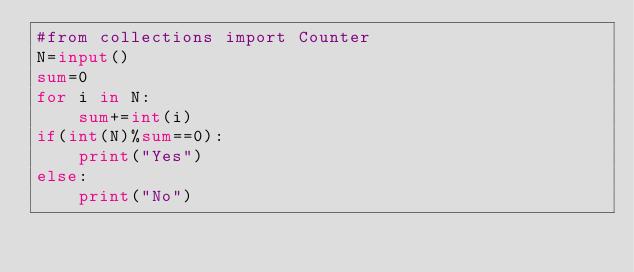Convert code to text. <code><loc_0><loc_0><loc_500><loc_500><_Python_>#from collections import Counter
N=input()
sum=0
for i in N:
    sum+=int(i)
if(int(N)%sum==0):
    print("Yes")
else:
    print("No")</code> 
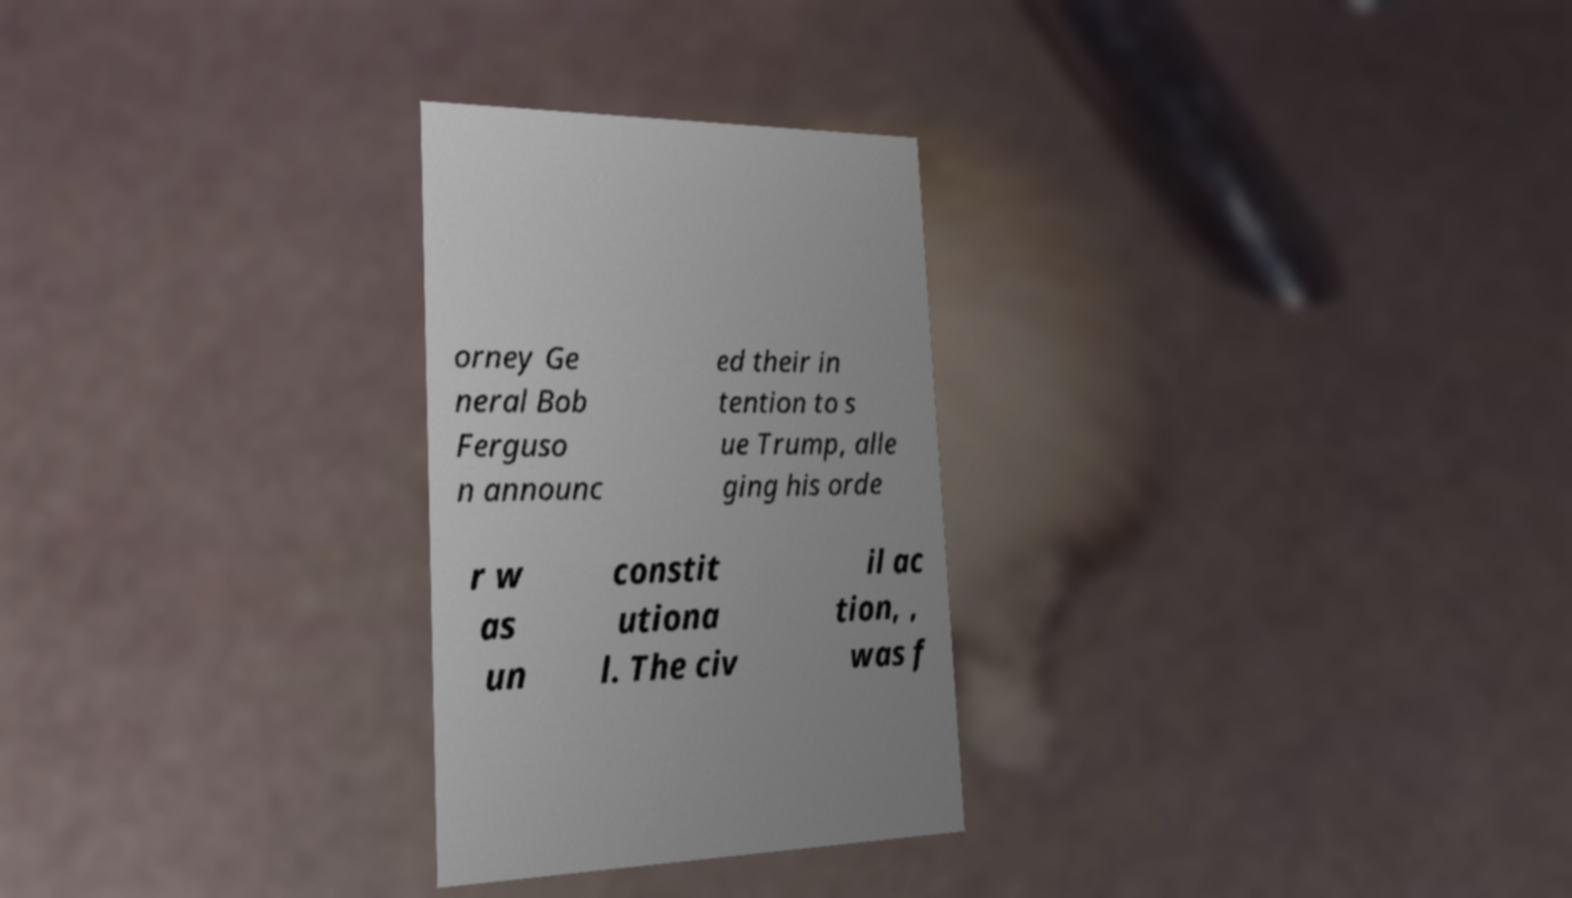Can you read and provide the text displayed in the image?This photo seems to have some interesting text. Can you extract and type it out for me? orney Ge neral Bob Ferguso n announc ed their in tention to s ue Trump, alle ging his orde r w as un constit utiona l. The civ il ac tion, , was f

---

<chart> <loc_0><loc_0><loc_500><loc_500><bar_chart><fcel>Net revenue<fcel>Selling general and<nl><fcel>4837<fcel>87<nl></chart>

**Required action**
Using the entries above, extract exactly the lines from the one that contains "Convert code to" through the one that contains "Can you read". Do not carry over any pictures.

**Written response**
Convert code to text. <code><loc_0><loc_0><loc_500><loc_500><_Python_>#from collections import Counter
N=input()
sum=0
for i in N:
    sum+=int(i)
if(int(N)%sum==0):
    print("Yes")
else:
    print("No")</code> 
Can you read and provide the text displayed in the image?This photo seems to have some interesting text. Can you extract and type it out for me? orney Ge neral Bob Ferguso n announc ed their in tention to s ue Trump, alle ging his orde r w as un constit utiona l. The civ il ac tion, , was f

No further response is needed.